Task description = Which of the lines in the data mention the string "axis"? List them all.

Data for this task =
------------------------

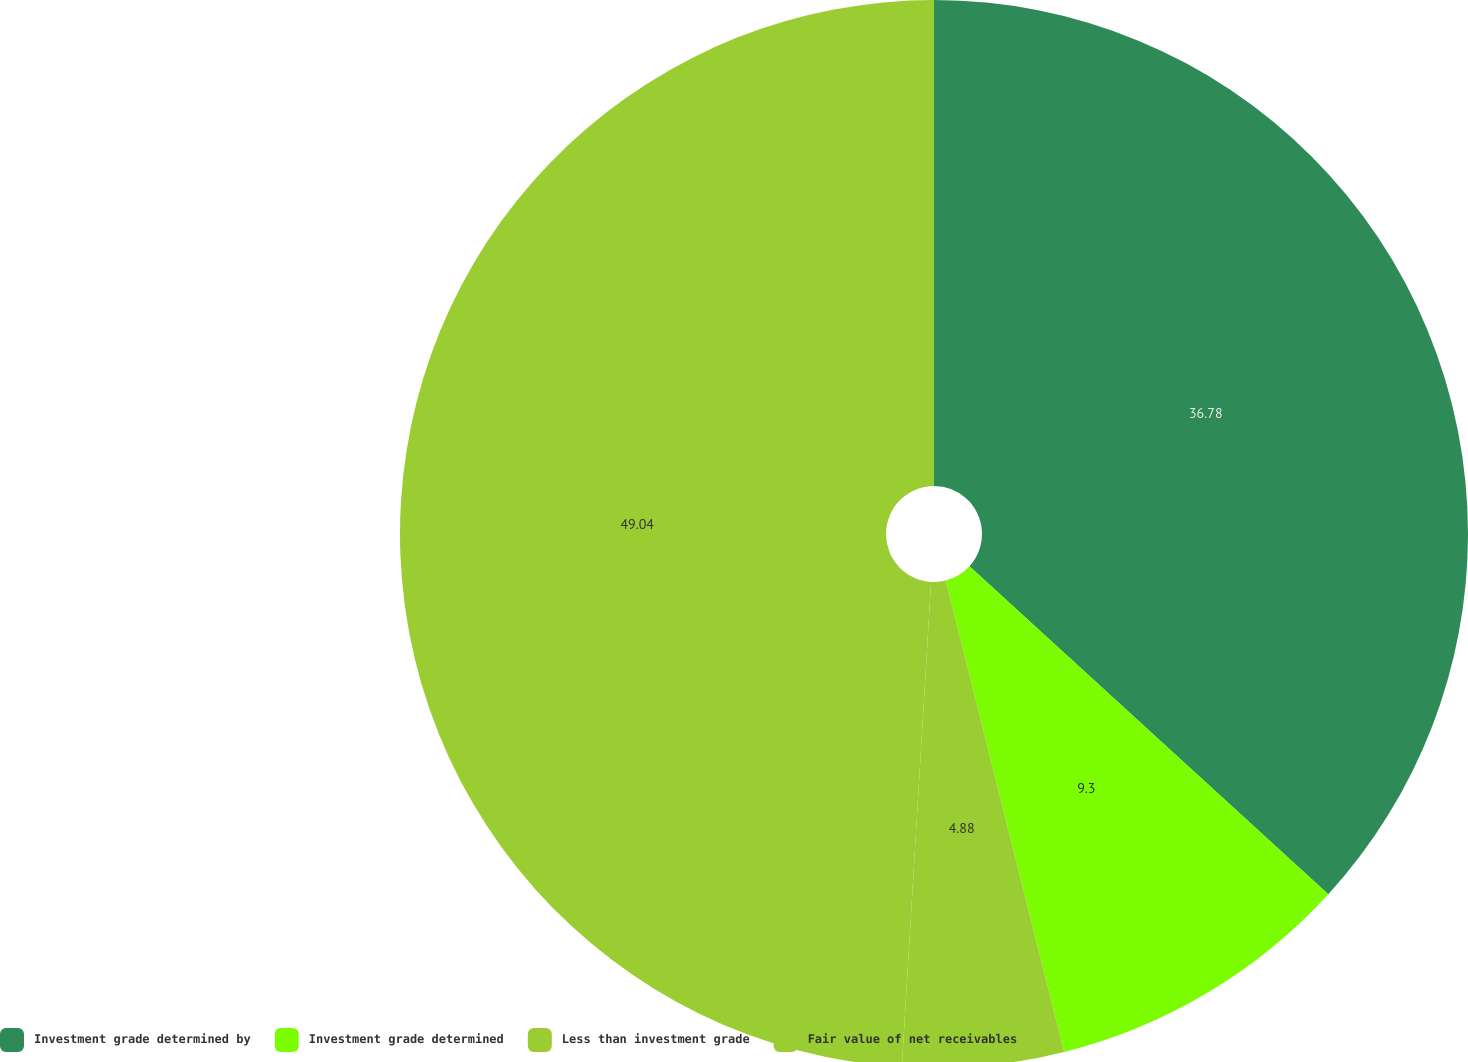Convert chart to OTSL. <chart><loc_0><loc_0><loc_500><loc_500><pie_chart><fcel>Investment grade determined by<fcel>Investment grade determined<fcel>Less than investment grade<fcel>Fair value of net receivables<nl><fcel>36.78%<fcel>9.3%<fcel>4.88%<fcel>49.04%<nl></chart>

------------------------

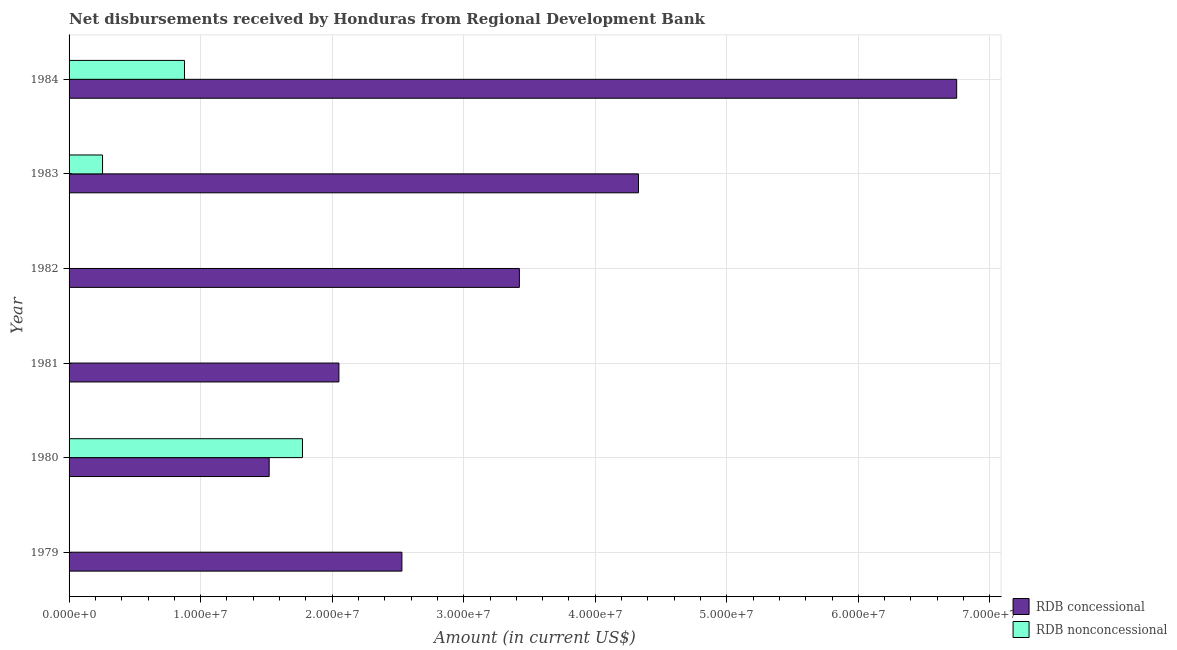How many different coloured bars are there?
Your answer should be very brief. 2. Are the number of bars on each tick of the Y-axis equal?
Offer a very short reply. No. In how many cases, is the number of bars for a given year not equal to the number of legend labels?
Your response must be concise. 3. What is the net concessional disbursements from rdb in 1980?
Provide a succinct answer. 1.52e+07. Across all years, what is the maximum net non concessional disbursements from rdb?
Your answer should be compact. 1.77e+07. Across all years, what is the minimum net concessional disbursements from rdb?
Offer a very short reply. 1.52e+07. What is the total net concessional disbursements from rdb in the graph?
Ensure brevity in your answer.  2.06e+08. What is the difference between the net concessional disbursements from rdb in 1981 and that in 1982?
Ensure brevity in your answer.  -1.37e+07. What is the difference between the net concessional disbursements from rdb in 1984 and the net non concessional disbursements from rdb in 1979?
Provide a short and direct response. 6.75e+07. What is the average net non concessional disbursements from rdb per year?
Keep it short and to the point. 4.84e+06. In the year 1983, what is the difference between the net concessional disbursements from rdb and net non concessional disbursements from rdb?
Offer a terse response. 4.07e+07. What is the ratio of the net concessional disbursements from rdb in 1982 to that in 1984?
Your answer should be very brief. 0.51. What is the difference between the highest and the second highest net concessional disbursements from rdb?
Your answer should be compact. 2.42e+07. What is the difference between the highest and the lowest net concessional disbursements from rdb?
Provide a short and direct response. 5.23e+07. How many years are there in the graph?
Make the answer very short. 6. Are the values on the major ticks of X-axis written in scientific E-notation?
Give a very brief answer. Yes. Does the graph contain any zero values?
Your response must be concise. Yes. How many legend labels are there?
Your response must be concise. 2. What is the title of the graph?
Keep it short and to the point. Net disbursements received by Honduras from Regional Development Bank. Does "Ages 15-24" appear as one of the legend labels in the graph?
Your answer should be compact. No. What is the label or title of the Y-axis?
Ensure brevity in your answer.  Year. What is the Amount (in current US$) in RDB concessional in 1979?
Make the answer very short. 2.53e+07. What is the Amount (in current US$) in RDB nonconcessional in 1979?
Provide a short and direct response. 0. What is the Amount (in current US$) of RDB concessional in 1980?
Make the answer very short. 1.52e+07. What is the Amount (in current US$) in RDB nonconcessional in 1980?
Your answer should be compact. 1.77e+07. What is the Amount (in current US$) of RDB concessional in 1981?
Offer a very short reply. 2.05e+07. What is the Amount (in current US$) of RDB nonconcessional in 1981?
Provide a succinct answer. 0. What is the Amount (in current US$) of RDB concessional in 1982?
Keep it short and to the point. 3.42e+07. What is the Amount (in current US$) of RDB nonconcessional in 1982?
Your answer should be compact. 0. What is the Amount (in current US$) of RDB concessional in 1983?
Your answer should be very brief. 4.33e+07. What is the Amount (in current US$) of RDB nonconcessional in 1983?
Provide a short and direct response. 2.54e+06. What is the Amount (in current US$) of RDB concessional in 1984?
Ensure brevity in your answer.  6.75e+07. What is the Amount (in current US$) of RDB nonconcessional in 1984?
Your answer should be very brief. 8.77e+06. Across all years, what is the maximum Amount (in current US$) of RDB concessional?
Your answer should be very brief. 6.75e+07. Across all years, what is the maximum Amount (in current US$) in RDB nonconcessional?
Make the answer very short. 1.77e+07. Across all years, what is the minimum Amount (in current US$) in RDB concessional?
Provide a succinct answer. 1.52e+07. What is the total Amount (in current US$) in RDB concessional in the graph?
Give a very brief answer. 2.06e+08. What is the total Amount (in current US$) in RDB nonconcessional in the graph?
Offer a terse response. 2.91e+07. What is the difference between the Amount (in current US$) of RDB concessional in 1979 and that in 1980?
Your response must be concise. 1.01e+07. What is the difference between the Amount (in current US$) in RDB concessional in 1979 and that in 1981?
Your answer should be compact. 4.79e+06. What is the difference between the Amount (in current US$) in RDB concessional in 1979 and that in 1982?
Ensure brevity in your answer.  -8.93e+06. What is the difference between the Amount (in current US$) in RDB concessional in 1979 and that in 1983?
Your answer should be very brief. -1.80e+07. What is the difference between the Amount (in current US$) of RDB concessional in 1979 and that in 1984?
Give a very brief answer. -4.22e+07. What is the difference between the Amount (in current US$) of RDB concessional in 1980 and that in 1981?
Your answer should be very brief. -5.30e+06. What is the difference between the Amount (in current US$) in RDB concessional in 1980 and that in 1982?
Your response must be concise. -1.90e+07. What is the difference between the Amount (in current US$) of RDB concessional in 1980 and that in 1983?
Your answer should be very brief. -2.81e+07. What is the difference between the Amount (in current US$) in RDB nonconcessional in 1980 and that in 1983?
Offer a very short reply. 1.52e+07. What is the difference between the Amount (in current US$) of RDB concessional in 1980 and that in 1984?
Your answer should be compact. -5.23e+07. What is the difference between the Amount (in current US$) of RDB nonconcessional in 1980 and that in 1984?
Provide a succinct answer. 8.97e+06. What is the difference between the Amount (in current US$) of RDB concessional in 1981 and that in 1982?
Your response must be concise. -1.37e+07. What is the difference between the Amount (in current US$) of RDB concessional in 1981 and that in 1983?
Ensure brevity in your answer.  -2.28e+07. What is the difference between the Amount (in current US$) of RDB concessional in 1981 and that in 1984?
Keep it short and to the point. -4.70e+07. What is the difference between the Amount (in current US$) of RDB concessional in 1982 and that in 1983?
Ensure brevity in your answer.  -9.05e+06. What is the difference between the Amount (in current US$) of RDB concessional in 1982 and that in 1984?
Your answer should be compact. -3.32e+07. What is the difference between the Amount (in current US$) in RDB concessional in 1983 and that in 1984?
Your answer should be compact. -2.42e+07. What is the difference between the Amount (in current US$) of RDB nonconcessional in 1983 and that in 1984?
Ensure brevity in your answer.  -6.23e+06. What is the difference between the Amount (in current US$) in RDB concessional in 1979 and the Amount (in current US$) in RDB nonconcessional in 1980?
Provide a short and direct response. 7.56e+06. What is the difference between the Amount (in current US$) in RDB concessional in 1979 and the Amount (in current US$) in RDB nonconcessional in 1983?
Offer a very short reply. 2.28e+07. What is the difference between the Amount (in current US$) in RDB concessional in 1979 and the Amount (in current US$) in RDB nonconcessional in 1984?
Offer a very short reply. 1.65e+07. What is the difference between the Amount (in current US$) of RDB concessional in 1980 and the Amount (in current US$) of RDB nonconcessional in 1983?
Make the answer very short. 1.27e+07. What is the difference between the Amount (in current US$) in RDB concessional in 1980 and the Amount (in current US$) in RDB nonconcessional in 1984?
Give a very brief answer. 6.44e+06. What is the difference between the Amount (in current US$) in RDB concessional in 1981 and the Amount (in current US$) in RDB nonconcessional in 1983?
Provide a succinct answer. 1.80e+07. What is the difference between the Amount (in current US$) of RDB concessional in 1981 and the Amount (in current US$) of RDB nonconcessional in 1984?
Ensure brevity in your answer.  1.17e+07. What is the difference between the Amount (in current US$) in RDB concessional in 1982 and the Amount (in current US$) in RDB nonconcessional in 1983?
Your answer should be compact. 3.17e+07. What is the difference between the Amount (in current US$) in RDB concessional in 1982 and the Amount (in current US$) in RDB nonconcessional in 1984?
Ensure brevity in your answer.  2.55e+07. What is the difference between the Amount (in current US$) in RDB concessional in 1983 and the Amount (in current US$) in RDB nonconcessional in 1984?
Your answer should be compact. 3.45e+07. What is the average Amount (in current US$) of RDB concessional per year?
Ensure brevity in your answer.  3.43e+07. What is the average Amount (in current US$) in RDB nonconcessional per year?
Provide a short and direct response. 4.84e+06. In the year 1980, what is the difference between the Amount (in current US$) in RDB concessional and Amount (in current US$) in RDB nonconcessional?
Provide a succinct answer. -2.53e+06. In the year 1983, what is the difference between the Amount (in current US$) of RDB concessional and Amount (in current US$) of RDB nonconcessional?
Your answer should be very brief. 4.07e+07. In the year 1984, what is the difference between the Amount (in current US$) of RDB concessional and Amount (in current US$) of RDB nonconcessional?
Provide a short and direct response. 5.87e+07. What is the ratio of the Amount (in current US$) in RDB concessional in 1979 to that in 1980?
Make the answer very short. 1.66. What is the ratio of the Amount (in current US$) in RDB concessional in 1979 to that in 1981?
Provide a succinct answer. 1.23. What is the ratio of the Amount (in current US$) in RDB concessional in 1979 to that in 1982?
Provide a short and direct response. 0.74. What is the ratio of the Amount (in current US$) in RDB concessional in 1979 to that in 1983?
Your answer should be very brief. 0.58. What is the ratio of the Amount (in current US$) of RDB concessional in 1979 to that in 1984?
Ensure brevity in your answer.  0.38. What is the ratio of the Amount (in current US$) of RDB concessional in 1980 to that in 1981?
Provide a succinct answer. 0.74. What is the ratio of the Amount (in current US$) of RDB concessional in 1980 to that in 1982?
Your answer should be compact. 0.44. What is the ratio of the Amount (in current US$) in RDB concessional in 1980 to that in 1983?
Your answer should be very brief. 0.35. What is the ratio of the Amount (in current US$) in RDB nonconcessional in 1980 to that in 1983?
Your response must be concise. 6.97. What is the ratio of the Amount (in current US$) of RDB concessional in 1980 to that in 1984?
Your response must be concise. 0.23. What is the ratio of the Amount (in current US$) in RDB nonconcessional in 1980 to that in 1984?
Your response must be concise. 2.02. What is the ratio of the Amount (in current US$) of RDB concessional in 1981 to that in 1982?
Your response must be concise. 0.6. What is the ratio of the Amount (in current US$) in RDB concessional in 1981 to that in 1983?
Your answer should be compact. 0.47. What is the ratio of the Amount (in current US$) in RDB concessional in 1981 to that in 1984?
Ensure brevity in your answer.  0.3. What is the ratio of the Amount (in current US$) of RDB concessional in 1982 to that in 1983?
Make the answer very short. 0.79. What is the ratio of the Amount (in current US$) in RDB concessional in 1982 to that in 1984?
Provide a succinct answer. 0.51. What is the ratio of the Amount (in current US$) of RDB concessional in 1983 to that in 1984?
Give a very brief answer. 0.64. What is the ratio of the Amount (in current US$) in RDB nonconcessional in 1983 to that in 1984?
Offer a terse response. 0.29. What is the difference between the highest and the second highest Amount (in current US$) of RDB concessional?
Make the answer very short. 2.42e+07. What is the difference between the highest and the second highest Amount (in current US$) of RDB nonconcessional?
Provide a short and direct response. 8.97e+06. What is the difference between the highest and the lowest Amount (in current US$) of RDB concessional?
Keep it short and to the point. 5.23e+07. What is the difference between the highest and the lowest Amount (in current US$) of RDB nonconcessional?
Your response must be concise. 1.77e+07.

------------------------

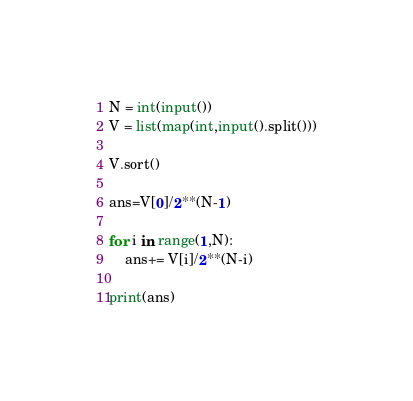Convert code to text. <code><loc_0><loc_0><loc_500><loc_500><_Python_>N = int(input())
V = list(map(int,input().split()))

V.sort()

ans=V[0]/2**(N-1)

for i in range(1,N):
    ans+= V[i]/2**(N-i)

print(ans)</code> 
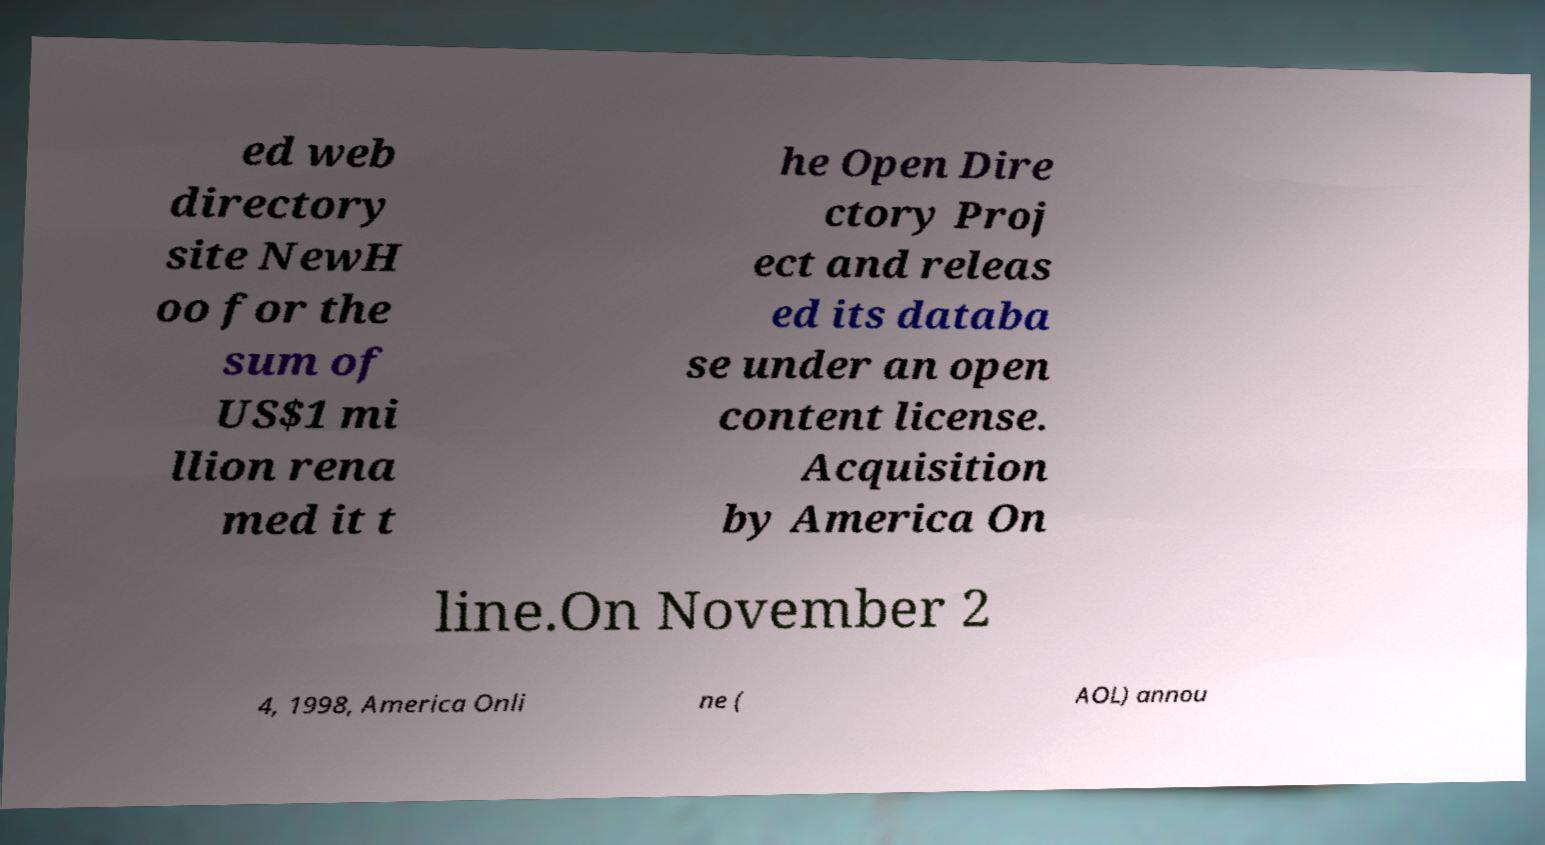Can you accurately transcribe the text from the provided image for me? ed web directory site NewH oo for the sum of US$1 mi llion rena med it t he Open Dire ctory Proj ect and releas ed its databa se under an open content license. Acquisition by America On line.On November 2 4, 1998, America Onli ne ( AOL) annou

------------------------

Answer space =
Your answer should be very brief. 2. Are the number of bars on each tick of the Y-axis equal?
Make the answer very short. 6. Are the values on the major ticks of X-axis written in scientific E-notation?
Your answer should be compact. No. What is the label or title of the Y-axis?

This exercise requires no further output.